Falls Du einen leisen CPU-Kühler willst: für ca. 15-20€ gibt es den Scythe Katana 3 oder den Sythe Samurai zz.

Bei der CPU kannst Du auch für 15€ mehr einen X4 965 nehmen, aber an sich ist der Aufpreis ein bisschen zu hoch.


----------



## hotlinen (19. Juli 2011)

Herbboy ich danke dir ! Echt super Beratung die man hier bekommt


----------



## WildBilly29 (20. Juli 2011)

die Club 3D würde ich nicht nehmen! Die soll wirklich sehr sehr laut sein!

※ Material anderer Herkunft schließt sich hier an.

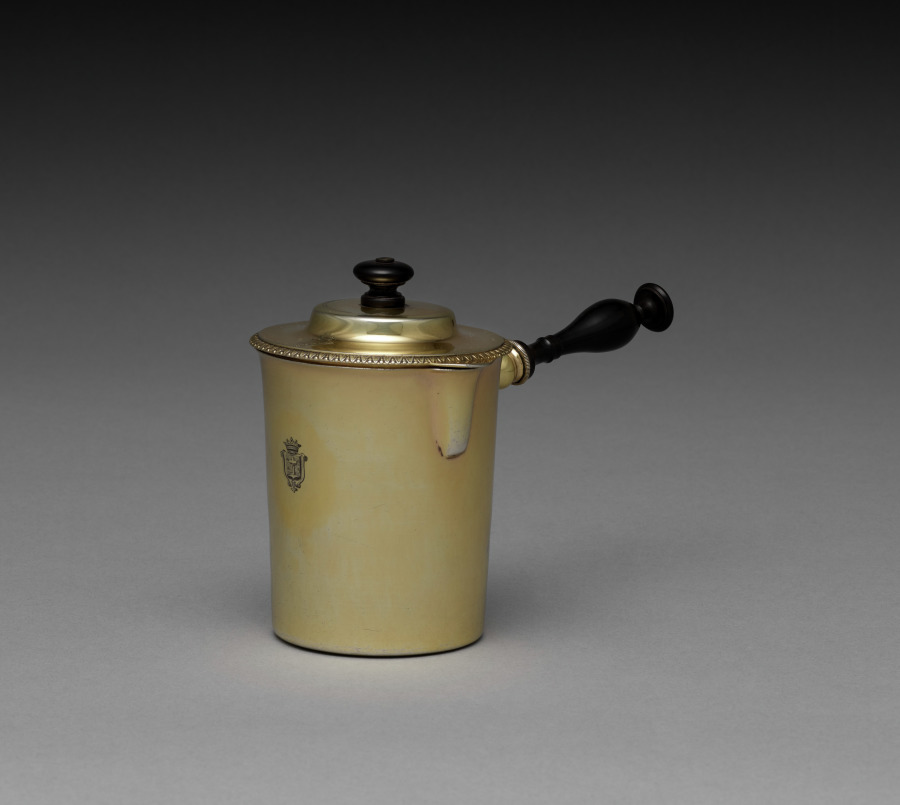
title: Covered Chocolate Pot
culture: France, 19th century
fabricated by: Sixte-Simon Rion (French)
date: c. 1830
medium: silver, wooden handle
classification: Silver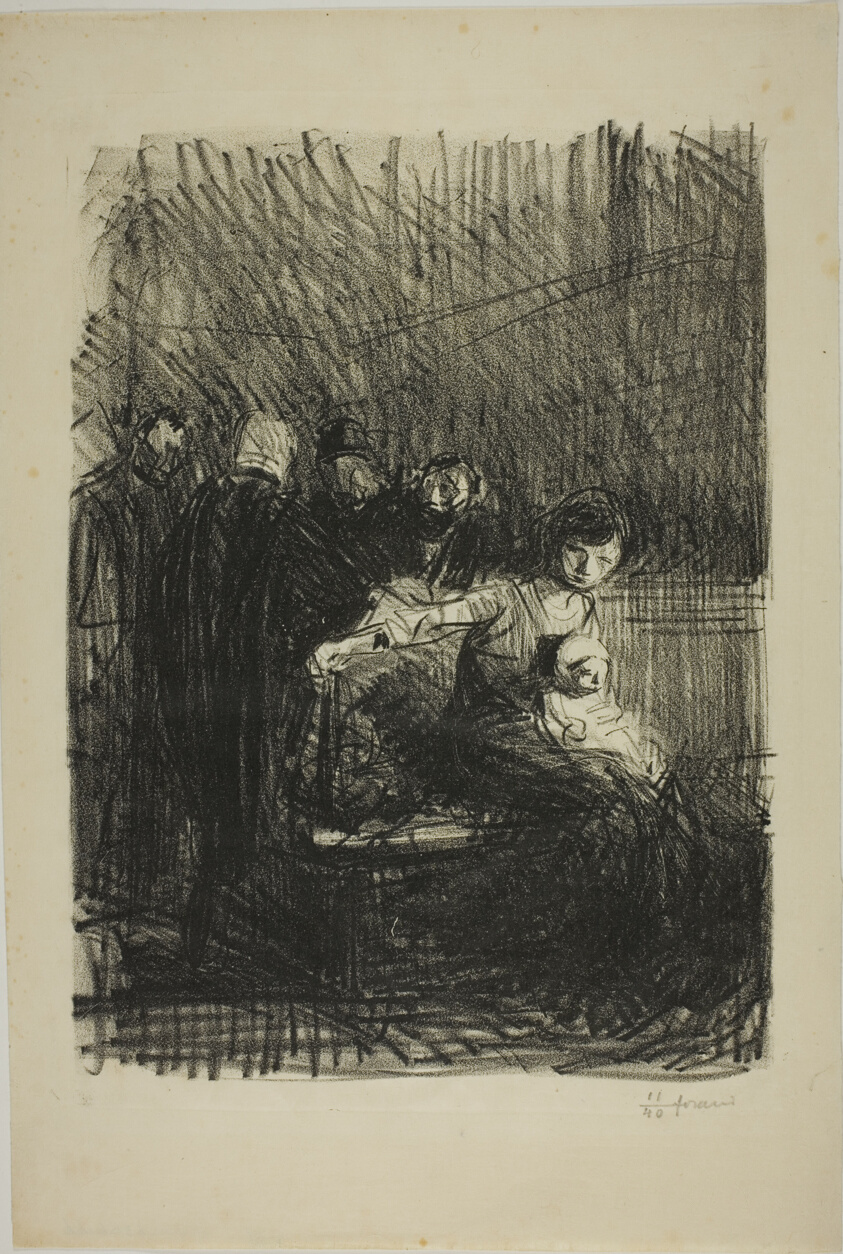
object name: Print
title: Recess of the Hearing
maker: Jean Louis Forain (French, 1852-1931)
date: July 1914
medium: Lithograph on cream Japanese paper
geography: France
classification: lithograph; print; prints and drawing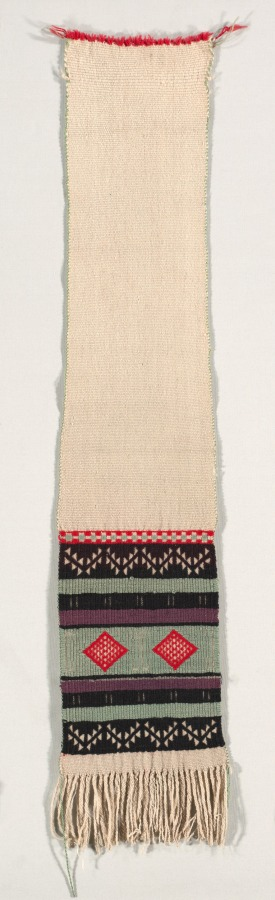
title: "Hopi Brocade" Style Dance Sash
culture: America, Native North American, Southwest, Pueblo (Hopi), Post-Contact, Transitional Period
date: c. 1880–1900
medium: plain weave with supplementary weft wrap; wool (homespun and Germantown)
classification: Textile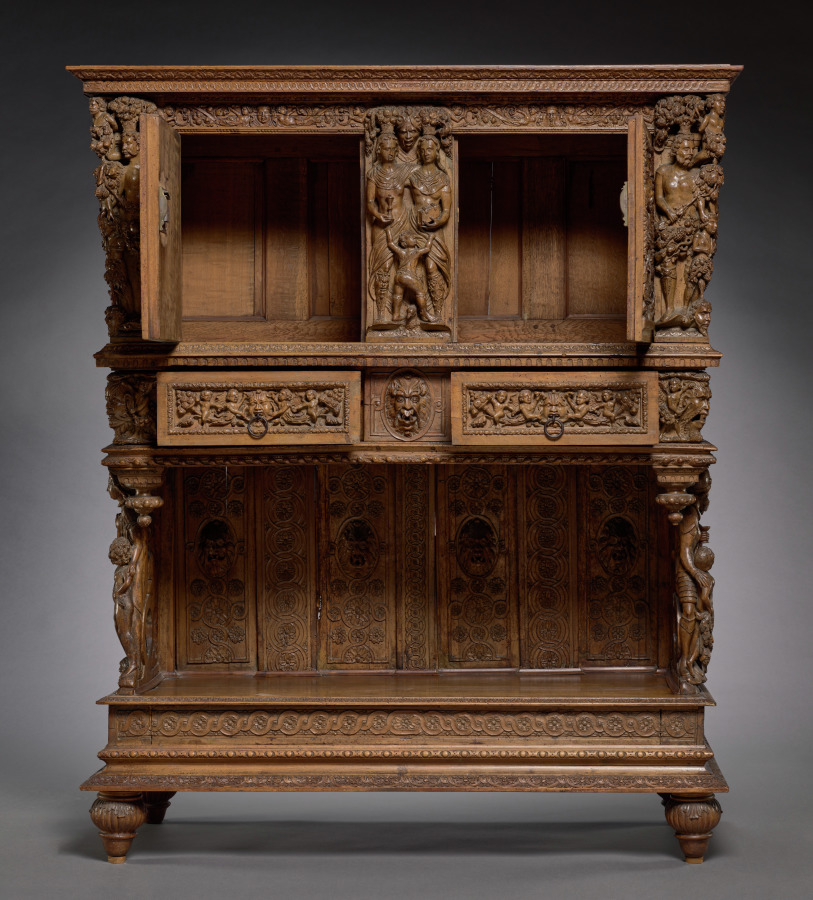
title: Dressoir
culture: France, Burgundy, 16th century
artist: style of Hugues Sambin (French, 1518–c. 1601)
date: mid 1500s
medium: walnut
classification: Furniture and woodwork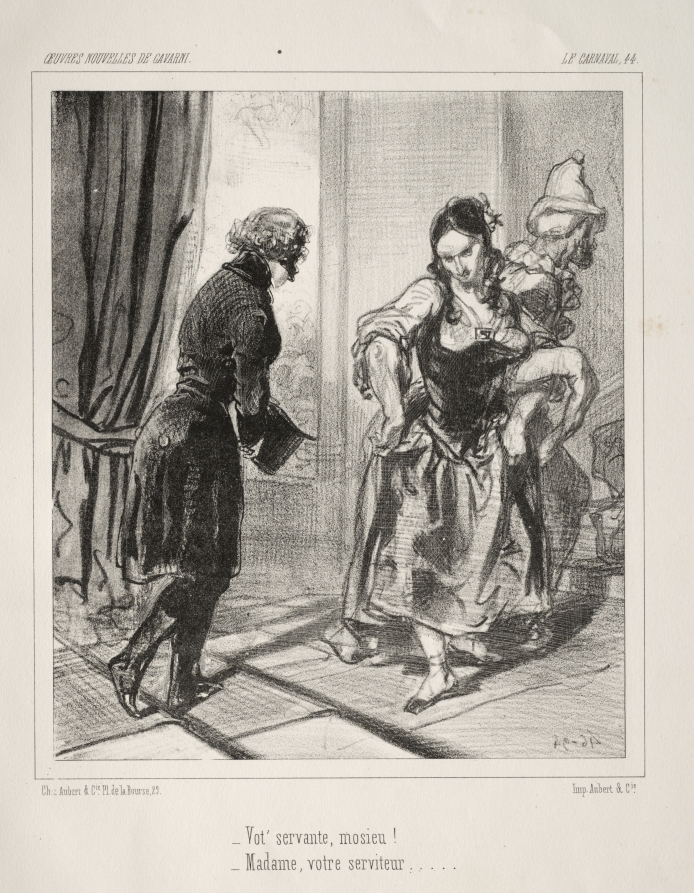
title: Carnaval
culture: France, 19th century
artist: Paul Gavarni (French, 1804–1866)
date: c. 1841–47
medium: lithograph
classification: Print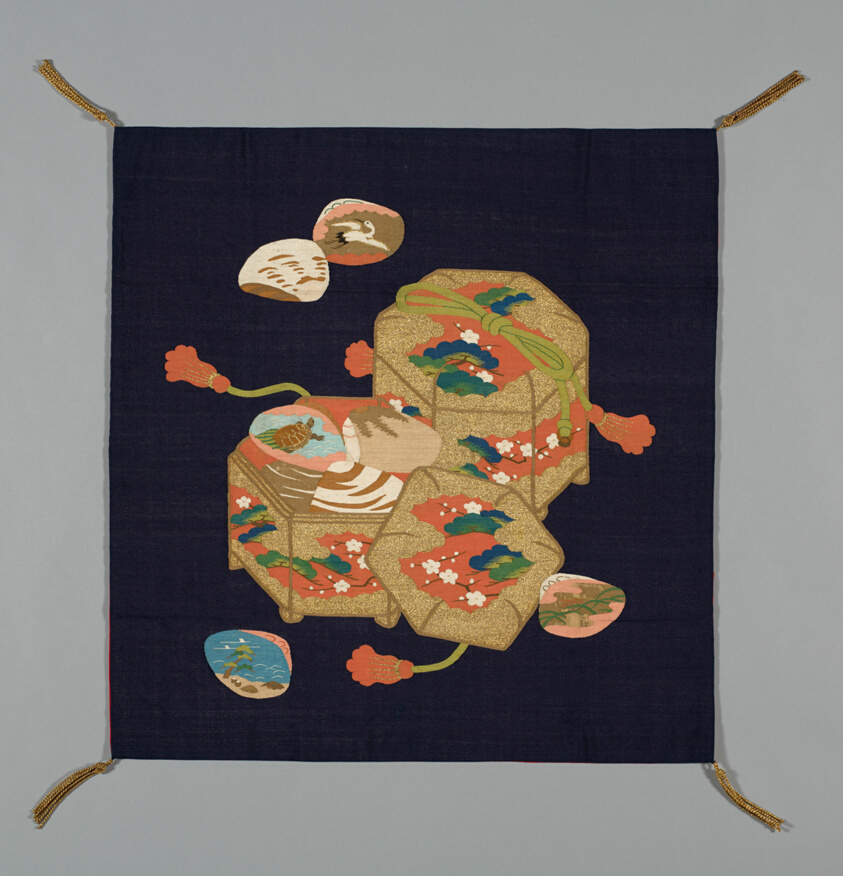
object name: Textile
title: Fukusa (Gift Cover)
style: late edo, meiji, edo (japanese period), Japanism
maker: Japan
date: late Edo period (1789–1868)/ Meiji period (1868–1912), 19th century
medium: Pattern side: silk and gold-leaf-over-lacquered-paper-strip wrapped cotton, slit and single dovetailed tapestry weaves (tsuzure); lining: silk, plain weave; sewn with front and lining matched to size (Tachikiri awase); corners: gold-leaf-over-lacquered-paper-strip wrapped cotton, knotted, re-plied fringe tassels
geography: Japan
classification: textile; weaving; printed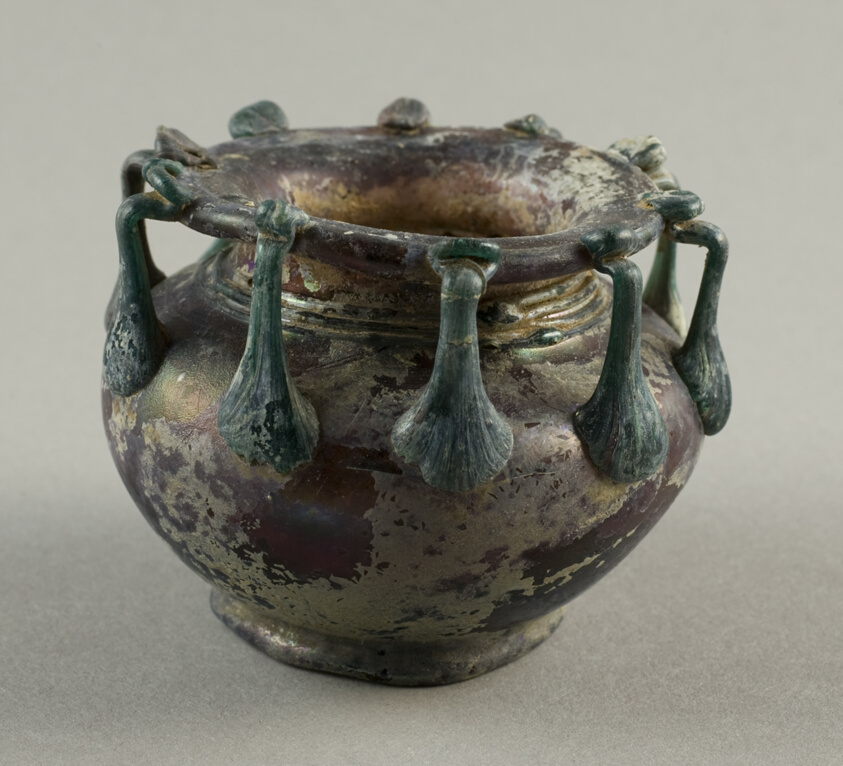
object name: Vessel
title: Jar
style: syrian
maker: Roman; Eastern Mediterranean
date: 3rd-5th century
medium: Glass, blown technique
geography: Syria
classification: vessel; glass; ancient art

Lieber die hier: hardwareversand.de - Artikel-Information - ASUS EAH6950 DCII /2DI4S/1GD5, AMD Radeon HD 6950, 1GB, PCI- Express


----------



## hotlinen (20. Juli 2011)

sehr laut? ekläre das näher ist der lüfter lauter? rattert sie?


----------



## WildBilly29 (20. Juli 2011)

Schau mal hier: Club 3D Radeon HD 6950 1,0 GByte im Test bei GameStar.de 

Wie gesagt sehr laut!


----------



## hotlinen (20. Juli 2011)

na gut muss ich mir mal durch den Kopf gehen lassen.Danke auf jedenfall für den Hinweis


----------



## hotlinen (28. Juli 2011)

ich bräuchte nochmal eure Hilfe nämlich :

hardwareversand.de - Artikel-Information - HIS HD 6950 IceQ X Turbo GDDR5 2048MB, Native HDMI 2xDVI 2xMiniDP 

erscheint mir günstiger als eine 6950 mit 1GB die leise ist.Das wäre die:

hardwareversand.de - Artikel-Information - ASUS EAH6950 DCII /2DI4S/1GD5, AMD Radeon HD 6950, 1GB, PCI- Express

Meine Frage ist jetzt welche ist stärker?Welche ist empfehlungswerter?


----------



## Fraggerick (28. Juli 2011)

muss es amd sein?

die da hardwareversand.de - Artikel-Information - Sparkle PCI-E GTX560Ti 1024MB DDR5 MiniHDMI/2xDVI retail ist bei gleicher leistung (jaja, mal ist die eine eine frame schneller, mal die andere..) deutlich günstiger und die referenzkühler sollen recht leise sein -> Das neue Element? NVIDIA GeForce GTX 560 TI - Lautst


----------



## hotlinen (28. Juli 2011)

Es muss nicht AMD sein allerdings wurde es mir empfohlen wie du oben nachlesen kannst.


----------



## Fraggerick (28. Juli 2011)

hier sind die beiden im vergleich -> Vergleichen AMD HD 6950, Nvidia GTX 560 Ti

mal ist die eine schneller, mal die andere. sicherlich ne gute karte, und in der 2gb version kann man mit glück auf ne 6970 flashen, ein nicht zu verschweigender vorteil!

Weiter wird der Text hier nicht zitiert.